__Required work__
Where does the string "transparency" appear in the records? Copy each line that holds it.

──────── Data under study

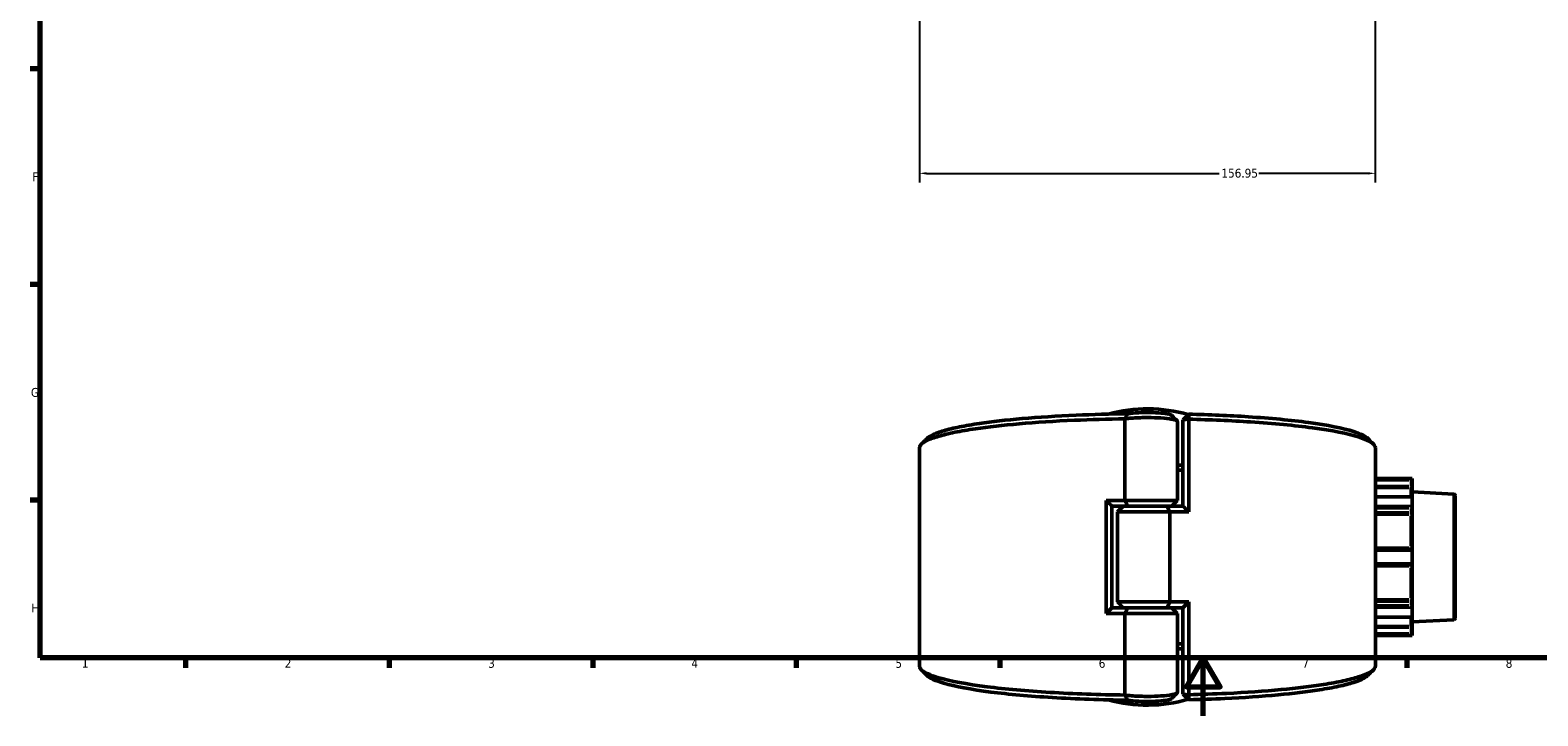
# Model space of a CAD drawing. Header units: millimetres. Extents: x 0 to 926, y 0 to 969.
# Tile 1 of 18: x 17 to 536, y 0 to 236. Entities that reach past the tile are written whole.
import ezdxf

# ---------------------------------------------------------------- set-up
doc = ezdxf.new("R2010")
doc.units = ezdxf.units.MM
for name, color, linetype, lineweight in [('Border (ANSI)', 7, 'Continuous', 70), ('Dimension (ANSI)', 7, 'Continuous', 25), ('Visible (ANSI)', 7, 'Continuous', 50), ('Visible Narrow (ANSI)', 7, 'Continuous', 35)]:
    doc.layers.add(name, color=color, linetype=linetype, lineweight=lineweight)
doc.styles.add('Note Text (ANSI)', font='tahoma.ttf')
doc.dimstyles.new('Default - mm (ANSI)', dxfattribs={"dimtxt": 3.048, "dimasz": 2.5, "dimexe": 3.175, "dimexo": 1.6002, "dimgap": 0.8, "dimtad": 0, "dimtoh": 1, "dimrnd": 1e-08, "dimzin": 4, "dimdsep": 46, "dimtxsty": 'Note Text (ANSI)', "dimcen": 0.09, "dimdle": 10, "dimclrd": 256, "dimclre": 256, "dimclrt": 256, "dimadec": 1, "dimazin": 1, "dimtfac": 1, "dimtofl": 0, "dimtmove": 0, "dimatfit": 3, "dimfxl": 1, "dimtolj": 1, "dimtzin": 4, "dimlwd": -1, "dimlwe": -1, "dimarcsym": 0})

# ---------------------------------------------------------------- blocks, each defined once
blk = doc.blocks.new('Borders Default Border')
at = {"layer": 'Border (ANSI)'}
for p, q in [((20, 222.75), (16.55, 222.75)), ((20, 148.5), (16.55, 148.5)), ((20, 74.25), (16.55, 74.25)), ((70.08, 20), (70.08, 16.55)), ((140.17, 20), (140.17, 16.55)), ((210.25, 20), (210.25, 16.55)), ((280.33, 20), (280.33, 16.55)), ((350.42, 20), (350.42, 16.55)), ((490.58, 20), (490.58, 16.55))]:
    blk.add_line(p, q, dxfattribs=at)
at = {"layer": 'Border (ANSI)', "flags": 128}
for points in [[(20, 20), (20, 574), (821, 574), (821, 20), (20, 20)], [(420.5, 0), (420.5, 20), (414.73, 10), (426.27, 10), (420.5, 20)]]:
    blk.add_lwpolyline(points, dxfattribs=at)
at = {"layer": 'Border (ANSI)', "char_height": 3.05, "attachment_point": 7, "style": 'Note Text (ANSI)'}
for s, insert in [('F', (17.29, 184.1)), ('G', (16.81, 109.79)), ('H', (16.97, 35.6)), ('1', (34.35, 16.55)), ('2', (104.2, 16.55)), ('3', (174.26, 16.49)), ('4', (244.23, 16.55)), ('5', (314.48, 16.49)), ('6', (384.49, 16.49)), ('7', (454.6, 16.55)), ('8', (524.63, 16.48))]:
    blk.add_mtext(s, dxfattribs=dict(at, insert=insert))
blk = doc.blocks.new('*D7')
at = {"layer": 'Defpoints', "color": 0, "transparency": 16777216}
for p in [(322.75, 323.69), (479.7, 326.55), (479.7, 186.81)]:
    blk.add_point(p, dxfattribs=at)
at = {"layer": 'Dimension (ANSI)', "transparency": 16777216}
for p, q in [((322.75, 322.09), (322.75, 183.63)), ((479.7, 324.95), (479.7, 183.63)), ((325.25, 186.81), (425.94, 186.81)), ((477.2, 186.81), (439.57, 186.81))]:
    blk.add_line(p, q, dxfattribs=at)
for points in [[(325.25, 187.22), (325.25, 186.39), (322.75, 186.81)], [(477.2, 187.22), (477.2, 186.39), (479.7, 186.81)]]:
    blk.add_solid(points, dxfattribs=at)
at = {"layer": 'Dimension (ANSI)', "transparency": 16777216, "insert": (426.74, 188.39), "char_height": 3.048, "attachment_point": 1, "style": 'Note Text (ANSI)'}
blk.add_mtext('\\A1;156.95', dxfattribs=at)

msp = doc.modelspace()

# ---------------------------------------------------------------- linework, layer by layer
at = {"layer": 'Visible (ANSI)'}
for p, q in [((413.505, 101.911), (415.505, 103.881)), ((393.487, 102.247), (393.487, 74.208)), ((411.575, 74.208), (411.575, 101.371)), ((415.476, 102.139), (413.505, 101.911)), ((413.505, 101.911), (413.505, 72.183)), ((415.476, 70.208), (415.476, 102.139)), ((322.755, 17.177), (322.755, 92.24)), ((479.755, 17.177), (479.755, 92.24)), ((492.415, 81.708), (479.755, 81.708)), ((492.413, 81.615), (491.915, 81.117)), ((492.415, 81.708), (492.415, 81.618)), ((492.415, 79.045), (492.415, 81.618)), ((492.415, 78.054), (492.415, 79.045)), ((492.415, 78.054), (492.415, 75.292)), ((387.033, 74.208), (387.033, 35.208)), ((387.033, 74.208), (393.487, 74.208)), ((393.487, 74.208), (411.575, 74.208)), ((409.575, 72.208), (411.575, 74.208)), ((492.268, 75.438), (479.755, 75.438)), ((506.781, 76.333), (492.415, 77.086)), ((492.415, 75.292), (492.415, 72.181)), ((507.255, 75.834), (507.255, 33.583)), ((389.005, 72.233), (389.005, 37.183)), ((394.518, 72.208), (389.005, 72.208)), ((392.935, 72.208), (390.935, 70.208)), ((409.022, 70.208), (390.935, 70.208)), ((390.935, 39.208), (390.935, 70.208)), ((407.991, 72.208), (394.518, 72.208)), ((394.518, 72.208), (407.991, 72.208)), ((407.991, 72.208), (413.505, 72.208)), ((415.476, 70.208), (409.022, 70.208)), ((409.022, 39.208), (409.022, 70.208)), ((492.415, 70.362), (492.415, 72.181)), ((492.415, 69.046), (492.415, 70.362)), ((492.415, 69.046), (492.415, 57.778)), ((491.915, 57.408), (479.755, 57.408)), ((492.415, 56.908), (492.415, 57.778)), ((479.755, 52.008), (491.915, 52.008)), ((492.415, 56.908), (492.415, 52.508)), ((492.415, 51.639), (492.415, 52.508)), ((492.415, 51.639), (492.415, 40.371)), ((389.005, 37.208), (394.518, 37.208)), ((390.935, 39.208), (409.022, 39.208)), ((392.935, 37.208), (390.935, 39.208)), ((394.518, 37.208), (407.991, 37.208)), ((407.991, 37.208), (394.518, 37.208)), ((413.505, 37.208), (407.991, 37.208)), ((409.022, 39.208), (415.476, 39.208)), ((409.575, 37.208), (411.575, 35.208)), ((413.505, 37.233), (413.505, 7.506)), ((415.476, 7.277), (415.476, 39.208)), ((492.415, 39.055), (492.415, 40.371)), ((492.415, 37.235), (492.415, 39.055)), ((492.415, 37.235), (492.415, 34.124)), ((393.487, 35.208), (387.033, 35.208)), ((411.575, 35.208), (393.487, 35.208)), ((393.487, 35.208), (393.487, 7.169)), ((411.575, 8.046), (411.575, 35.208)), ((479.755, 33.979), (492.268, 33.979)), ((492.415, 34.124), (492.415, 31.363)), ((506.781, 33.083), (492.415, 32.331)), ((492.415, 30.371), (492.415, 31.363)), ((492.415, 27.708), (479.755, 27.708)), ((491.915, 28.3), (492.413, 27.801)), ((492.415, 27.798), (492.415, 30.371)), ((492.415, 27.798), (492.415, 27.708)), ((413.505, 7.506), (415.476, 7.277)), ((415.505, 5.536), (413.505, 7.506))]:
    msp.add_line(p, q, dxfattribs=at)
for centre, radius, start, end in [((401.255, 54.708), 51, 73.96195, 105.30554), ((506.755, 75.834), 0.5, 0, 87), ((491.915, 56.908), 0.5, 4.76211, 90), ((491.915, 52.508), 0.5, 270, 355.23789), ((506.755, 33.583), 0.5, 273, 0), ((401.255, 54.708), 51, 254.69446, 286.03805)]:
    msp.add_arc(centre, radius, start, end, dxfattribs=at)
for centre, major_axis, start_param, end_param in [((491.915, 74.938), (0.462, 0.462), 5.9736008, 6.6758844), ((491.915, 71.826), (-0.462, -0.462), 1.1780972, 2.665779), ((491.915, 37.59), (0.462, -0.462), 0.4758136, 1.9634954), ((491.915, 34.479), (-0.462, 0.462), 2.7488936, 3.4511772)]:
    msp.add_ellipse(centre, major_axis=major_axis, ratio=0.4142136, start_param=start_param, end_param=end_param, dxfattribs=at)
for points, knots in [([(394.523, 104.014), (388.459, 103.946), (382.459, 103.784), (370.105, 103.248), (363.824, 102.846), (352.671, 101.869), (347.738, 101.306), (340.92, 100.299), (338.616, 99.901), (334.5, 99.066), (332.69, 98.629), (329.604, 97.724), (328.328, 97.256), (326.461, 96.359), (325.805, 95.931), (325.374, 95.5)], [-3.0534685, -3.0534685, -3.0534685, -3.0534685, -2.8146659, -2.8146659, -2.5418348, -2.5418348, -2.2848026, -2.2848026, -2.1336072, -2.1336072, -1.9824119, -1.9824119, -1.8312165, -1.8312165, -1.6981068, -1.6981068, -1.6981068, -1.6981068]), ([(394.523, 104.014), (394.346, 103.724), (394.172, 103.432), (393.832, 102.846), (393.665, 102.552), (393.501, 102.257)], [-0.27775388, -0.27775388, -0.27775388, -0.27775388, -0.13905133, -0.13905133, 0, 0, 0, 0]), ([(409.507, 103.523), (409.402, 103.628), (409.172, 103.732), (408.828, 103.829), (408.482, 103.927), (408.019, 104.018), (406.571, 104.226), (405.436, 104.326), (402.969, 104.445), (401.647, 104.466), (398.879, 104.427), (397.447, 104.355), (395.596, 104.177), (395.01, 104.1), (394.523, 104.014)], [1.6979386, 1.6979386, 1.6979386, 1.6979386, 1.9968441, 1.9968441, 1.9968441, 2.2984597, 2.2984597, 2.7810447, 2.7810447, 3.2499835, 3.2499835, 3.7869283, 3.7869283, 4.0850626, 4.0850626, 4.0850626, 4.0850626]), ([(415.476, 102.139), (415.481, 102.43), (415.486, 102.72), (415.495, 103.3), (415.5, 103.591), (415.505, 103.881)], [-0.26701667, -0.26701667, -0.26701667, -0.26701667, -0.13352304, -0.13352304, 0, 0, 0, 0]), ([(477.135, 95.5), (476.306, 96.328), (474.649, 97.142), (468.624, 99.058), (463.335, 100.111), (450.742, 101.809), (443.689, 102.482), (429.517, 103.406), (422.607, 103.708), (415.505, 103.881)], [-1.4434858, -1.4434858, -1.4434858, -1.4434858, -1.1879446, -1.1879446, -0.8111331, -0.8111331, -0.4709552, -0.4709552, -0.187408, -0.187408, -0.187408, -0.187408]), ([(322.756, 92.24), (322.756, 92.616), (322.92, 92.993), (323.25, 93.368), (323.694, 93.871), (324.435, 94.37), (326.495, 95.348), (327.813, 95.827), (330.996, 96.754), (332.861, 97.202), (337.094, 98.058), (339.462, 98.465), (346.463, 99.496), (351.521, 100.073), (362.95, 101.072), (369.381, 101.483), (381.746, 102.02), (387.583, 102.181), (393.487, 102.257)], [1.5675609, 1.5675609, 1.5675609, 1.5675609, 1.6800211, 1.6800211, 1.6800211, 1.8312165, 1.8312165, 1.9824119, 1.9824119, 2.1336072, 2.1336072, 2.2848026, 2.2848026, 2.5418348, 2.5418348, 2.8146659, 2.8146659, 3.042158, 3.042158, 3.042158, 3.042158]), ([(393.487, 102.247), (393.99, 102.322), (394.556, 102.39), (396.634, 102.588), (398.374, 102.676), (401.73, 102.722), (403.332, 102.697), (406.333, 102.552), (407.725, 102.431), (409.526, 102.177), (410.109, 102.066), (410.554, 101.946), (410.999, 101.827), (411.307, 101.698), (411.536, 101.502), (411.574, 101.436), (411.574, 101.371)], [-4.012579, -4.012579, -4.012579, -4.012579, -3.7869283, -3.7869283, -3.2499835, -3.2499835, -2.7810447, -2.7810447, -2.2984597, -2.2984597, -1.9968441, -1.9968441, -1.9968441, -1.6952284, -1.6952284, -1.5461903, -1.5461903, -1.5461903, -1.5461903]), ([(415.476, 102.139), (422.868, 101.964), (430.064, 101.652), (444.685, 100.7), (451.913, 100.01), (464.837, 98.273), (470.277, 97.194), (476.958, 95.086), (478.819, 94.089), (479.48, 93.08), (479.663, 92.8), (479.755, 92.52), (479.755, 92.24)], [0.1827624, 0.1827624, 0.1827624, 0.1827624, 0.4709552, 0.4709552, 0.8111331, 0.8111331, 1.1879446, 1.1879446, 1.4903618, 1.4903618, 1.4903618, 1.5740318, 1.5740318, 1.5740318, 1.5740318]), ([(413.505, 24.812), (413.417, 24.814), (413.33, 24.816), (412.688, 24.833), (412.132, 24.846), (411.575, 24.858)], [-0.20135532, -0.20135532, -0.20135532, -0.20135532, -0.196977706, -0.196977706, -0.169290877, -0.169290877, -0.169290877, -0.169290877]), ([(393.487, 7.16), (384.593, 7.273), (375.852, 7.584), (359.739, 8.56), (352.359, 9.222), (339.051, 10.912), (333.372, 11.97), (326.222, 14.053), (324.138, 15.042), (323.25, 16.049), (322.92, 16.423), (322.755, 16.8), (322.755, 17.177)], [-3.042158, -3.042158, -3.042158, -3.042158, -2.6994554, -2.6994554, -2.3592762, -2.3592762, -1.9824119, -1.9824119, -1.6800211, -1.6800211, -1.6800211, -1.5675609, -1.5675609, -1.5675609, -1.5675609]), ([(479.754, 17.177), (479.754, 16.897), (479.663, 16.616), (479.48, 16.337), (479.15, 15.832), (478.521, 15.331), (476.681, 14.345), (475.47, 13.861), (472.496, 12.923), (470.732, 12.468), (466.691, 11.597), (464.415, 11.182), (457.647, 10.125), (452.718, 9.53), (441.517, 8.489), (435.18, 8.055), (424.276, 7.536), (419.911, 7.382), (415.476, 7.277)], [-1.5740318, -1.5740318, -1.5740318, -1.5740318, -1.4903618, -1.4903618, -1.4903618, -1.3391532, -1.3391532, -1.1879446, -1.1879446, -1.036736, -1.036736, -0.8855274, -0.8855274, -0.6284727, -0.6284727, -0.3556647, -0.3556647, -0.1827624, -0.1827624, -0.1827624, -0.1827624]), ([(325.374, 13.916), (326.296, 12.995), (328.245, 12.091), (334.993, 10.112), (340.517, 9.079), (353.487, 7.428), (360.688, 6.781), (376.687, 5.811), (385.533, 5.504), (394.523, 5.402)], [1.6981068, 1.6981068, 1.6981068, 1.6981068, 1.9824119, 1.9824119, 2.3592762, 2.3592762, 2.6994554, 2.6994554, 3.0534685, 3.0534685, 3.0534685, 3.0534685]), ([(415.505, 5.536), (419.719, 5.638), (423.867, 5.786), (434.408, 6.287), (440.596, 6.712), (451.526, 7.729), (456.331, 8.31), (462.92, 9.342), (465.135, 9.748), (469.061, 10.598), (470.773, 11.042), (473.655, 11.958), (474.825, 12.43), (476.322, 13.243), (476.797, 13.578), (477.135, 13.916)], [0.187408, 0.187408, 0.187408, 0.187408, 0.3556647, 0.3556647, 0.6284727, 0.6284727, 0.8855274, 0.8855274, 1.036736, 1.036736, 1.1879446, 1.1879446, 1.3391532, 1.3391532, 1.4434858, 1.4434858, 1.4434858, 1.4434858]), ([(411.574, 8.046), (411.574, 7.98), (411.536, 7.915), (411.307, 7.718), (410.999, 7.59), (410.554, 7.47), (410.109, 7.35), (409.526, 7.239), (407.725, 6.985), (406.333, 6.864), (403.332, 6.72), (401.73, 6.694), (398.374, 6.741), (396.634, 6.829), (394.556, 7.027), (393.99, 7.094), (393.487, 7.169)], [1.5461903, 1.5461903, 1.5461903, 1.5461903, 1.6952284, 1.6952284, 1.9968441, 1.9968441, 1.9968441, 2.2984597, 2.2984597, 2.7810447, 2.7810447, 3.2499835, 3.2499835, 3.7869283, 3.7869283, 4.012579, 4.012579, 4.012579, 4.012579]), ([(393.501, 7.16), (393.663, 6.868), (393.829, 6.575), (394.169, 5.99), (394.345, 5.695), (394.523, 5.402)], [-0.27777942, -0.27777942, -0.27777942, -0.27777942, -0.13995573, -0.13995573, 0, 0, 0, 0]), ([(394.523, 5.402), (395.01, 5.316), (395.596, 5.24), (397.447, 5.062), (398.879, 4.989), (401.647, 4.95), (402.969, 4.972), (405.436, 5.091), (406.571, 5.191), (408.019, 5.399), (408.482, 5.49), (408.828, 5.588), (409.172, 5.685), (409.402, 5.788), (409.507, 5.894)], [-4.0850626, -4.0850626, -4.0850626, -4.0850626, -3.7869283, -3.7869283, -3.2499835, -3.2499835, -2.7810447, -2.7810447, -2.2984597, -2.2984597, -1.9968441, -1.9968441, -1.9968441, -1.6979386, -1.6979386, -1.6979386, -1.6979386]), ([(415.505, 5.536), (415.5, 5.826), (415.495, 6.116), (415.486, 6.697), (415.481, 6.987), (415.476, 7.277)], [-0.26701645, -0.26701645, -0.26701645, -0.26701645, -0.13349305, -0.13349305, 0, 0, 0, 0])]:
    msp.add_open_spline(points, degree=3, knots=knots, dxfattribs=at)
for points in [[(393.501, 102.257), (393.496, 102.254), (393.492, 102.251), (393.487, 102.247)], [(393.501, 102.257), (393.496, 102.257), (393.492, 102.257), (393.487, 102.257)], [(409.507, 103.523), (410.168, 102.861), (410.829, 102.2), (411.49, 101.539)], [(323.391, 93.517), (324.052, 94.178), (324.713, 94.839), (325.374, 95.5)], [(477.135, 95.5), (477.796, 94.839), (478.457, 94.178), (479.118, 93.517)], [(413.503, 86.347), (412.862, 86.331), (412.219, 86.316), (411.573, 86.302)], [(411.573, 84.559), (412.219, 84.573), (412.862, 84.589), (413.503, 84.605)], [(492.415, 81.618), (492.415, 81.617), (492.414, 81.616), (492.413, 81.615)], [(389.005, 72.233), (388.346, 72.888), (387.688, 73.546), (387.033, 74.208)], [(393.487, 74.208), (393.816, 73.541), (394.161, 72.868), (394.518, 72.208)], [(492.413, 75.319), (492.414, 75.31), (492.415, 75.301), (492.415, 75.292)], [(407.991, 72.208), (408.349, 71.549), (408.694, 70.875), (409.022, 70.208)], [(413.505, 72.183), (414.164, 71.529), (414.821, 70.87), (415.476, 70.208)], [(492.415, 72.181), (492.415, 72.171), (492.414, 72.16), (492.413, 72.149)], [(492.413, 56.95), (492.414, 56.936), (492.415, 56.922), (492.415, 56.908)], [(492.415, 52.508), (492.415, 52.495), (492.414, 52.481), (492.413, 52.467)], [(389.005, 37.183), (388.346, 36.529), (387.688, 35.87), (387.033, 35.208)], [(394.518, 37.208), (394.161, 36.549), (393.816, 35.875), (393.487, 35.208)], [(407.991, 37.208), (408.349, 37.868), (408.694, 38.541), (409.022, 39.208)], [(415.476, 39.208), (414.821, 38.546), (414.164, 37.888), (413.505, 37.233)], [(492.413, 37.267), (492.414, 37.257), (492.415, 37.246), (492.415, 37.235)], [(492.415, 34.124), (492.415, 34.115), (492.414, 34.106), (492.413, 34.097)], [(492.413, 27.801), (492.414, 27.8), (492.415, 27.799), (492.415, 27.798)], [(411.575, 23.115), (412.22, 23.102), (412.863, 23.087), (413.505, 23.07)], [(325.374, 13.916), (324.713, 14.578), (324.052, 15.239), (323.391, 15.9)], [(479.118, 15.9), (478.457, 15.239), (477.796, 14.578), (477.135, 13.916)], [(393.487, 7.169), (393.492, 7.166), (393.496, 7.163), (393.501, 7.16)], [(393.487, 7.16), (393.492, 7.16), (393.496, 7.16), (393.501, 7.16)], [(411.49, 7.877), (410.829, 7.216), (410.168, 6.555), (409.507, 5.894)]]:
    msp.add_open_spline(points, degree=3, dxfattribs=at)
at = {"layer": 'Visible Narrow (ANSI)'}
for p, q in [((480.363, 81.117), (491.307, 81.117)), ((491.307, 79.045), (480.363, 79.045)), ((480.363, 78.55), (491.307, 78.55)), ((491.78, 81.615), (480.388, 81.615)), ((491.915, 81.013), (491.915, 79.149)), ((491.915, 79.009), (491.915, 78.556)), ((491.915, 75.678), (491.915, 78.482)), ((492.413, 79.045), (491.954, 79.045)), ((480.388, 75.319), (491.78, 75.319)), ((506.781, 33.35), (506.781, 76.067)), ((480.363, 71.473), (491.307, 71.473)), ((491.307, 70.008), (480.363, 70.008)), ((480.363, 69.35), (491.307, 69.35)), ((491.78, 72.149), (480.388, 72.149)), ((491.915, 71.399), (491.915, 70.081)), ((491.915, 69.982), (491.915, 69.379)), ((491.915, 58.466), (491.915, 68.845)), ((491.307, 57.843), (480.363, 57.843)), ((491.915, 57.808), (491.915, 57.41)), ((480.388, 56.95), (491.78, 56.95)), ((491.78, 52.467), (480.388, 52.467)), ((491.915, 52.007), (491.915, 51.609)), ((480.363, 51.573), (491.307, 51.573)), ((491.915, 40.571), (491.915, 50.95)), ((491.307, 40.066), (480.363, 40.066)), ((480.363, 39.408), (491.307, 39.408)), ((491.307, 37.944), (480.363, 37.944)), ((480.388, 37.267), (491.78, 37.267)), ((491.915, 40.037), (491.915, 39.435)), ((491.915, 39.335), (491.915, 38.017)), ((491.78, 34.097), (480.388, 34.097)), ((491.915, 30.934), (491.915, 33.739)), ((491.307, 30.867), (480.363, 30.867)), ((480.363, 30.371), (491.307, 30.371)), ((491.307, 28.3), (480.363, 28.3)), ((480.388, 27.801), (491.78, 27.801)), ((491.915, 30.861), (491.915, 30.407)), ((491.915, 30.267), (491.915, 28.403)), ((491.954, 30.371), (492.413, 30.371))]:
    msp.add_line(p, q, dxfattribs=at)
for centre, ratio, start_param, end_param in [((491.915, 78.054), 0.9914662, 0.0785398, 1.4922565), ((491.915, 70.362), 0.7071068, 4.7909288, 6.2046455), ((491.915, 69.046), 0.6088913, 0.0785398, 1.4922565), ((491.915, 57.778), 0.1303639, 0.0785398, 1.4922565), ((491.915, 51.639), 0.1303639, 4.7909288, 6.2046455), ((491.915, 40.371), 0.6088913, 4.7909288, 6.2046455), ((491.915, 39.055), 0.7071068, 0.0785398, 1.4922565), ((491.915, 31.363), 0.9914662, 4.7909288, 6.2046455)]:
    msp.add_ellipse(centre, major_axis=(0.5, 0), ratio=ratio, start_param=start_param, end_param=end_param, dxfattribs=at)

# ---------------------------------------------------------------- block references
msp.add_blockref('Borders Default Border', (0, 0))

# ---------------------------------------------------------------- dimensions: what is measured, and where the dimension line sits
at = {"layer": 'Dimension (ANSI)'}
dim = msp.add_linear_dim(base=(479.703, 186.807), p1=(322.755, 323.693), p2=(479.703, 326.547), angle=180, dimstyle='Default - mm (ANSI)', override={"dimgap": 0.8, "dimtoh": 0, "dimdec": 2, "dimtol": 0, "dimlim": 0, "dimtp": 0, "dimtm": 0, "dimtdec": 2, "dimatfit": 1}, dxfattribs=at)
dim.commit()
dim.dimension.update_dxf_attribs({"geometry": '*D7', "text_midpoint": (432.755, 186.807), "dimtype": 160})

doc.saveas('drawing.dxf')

────────────────

__Reply to the exercise__
at = {"layer": 'Defpoints', "color": 0, "transparency": 16777216}
at = {"layer": 'Dimension (ANSI)', "transparency": 16777216}
at = {"layer": 'Dimension (ANSI)', "transparency": 16777216, "insert": (426.74, 188.39), "char_height": 3.048, "attachment_point": 1, "style": 'Note Text (ANSI)'}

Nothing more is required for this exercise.